Class SaltedNgramFeatureExtractor
- All Implemented Interfaces:
FeatureExtractor
Design principles
- Single FNV basis constant for all features. A one-byte salt prefix distinguishes feature types; n-gram order is differentiated by the number of codepoints fed into the hash chain.
- N-grams always contain N real characters — no sentinel padding.
- Word position is encoded via salt bytes (BOW, EOW, FULL_WORD, MID).

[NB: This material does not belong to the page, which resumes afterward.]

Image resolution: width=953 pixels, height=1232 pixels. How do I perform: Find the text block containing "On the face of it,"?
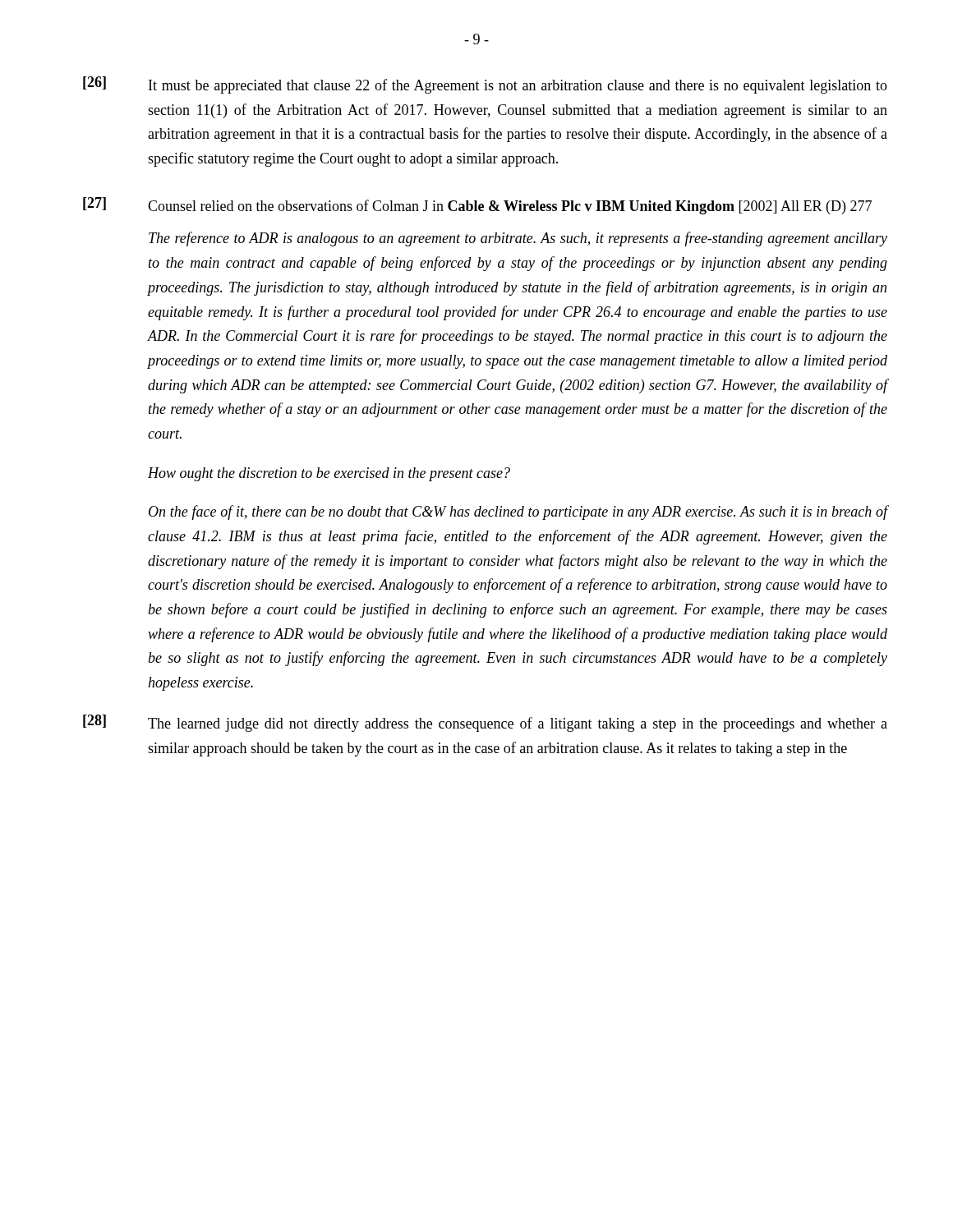(518, 597)

- No script salting on n-grams — different scripts use different codepoint ranges, so hashes naturally separate.
- Short complete words (1–4 chars) get a FULL_WORD salt on their matching n-gram order, replacing the separate word-unigram feature.
- Script block features (presence counts + transition counts) provide explicit script signal for the linear classifier.
- CJK/kana character unigrams use a dedicated salt (no word boundaries in CJK).
Feature types
- Character bigrams — all contiguous pairs within a word, plus BOW/EOW/FULL_WORD variants.
- Character trigrams — all contiguous triples, with position salt.
- Character 4-grams — all contiguous quads, with position salt.
- CJK/kana unigrams — individual ideographic/kana codepoints.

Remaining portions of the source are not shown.